I might just start saying she's a miracle, you should be in awe.
Well said Jacolyn!
Amen girlfriend, Love Grannie D.
I THINK THE LAST ONE IS THE BEST I AM GLAD Y ARE BACK TO BLOGGING COME VISIT
We put off a diagnosis for insurance reasons. Then, it didn't change anything when we did get it because we had been saying it all along. I guess that means that I don't mind the diagnosis but I don't need it to define Ben’s needs.

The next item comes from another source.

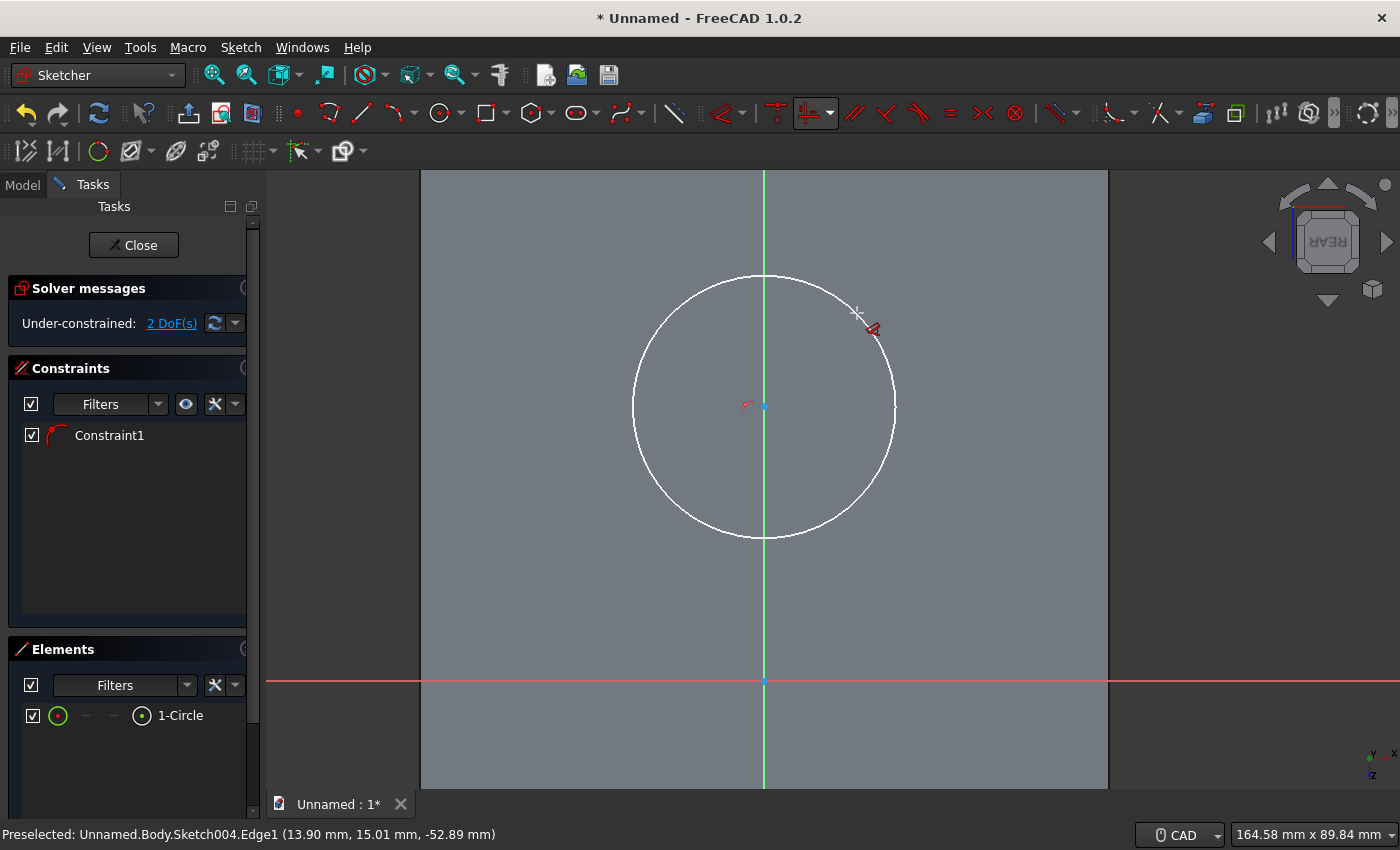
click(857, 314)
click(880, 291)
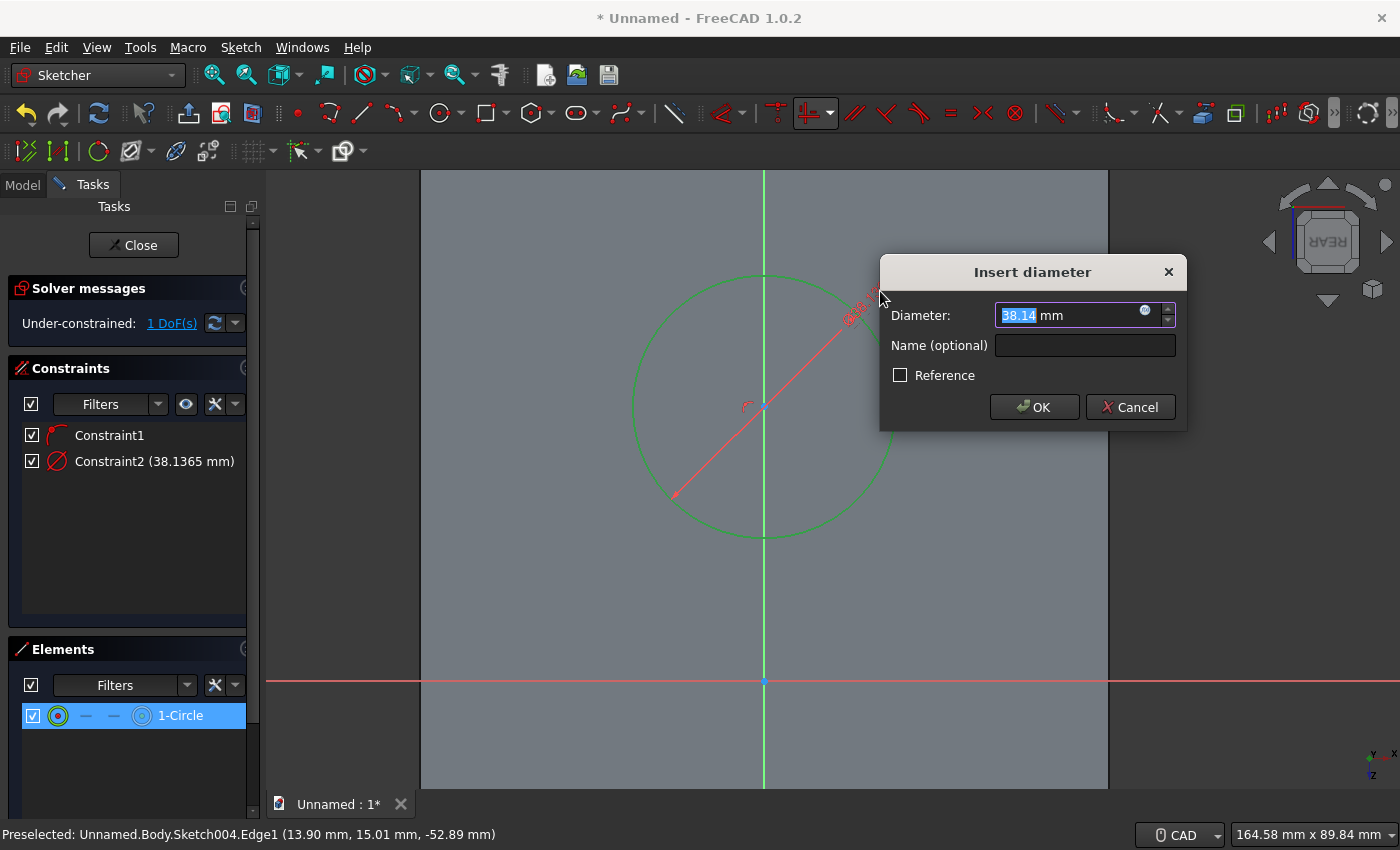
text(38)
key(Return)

I have found that I use it to help people understand Ben though. It is as if giving his challenges a name puts people at ease. They need a definition. I don't know how I feel about that...
Your last sentence says it all. Remember, Grace means "a virtue coming from God" or "God's favor". What a beautiful child! Rolanda
Well said Jacolyn. Thanks!
We didn't get a diagnosis until Hannah was almost 2 1/2, for many of the same reasons as the person you reference in your post. We were pretty sure that was what was going on, though.
Like Shannon, I feel having the diagnosis has helped me to explain Hannah's needs better and get more support from people. But I am realizing that while it can be useful to share, with the diagnosis also comes so many negative assumptions and misperceptions.
I want the world to know Hannah as a funny, smart, beautiful, cool kid who also has CP. All of those things are such a key part of who she is. But I can't figure out how to say ALL of that without reducing her to only ONE aspect of it.